The segment’s success gave Anderson an idea to capitalize on a talent and an interest he’d long harbored. Using his home computer he began piecing together a program designed for the benefit of the independent, unsigned musicians. The way he figures, every great musician started out with nobody knowing or caring who they were.

“Charlie Daniels started out unsigned,” Anderson said. “Elvis started out unsigned.”

Anderson doesn’t hem himself in by genre or geography. Musicians featured on the show come from the world over. The show’s most requested songs last year, “Coaltown Babies” and “Crescent City,” were by the quartet MINiMAL out of San Francisco.

He and Elly Cirino, his public relations manager, listen to everything that comes in — a task that can be both enlightening and enslaving.

“You never know where the jewel is going to be, you never know,” Cirino said.

Anderson also throws in a few local notables, like the group Stone Black, which often plays in Haywood and Jackson counties, and Bobby G, a Cruso-based guitar player who was the 16th most requested artist last year. However, including more local music is hard.

“We don’t have too many local artists available to us,” Anderson said.

Anderson’s set up isn’t conducive to live music, and many local music groups haven’t yet recorded their songs. Stone Black already has one self-produced album out, and headed to Nashville to begin working on their second this past weekend.

Even with his radio show broadcast in six countries on 14 AM and FM stations and five Internet stations, Anderson isn’t making any money from On The Horizon. It’s a labor of love.

“It’s something I can’t put down, and there were times that I really wanted to put it down too,” he says.

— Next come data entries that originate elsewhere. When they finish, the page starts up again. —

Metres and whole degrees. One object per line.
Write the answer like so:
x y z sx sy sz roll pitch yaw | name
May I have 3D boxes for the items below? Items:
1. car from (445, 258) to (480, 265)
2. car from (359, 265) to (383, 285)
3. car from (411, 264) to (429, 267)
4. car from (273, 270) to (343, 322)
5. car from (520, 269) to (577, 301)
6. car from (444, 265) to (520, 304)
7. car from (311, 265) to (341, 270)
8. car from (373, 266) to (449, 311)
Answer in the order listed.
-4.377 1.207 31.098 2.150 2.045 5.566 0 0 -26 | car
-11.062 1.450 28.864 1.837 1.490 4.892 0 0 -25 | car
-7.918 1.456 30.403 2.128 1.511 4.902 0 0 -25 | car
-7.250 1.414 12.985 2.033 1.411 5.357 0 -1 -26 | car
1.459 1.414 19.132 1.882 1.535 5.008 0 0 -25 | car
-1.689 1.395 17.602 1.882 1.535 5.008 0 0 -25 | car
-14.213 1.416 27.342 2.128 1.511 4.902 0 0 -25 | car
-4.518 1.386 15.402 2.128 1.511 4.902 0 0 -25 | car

The agreements he signs with musicians featured on the show state that the airtime is royalty free. It’s a set up much unlike most commercial radio where pay-for-play arrangements keep songs in constant repetition, regardless of demand. The structure can create a hit rather than let the market be driven by consumer choices. Anderson’s musicians are on the low end of the music business food chain and must rely on getting heard before anything else.

“They’re looking for the exposure to maybe get some interest from the record labels or promotional teams or something along those lines,” Anderson said.

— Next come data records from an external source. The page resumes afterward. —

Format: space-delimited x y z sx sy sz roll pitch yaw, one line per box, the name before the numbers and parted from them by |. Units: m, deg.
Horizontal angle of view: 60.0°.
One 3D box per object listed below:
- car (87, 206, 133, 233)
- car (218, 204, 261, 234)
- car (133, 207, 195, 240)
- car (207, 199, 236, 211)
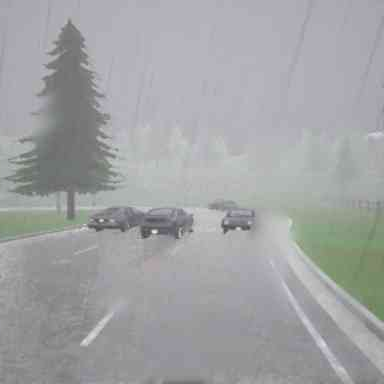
car | -4.141 1.564 19.959 2.033 1.411 5.357 0 0 15
car | 3.001 1.631 19.436 1.895 1.301 4.718 0 0 15
car | -1.133 1.524 17.219 1.837 1.490 4.892 0 0 13
car | 3.396 1.546 38.746 2.128 1.511 4.902 0 0 -23

Listeners email in, send instant messages or even call to make their requests for the weekly program. Anderson spends about five to six hours in production to make the one-hour show, which he then uploads to his Web site every Sunday.

Though On The Horizon is re-broadcast over the airwaves during the drive to work in L.A., there’s no local station that’s carrying it — so far. Anderson is looking to expand, but moreover, he’s looking for sponsorships. What’s hard is that since his show is aired internationally, a local company won’t have much resonance with a listener in Australia. The sponsors need to be recognizable on a grand scale — McDonalds, Coca-Cola — but in order to secure the backing, On The Horizon has to have something to offer.

And it just as well might. While there’s no truly accurate way to gauge online listening — a system such as Neilsen ratings doesn’t exist for Internet radio — the industry is paying attention to what Anderson’s playing. New Music Weekly magazine awarded IRADIOLA, a station on which On The Horizon airs, Internet Radio Station of the Year. Anderson also co-hosts the station’s “Indie Traffic Jam” program with Mark “Maverick” Coon, and Carmen Allgood, the producer of the “Colorado Wave” Internet radio show.

“This thing has come a long way,” Anderson said.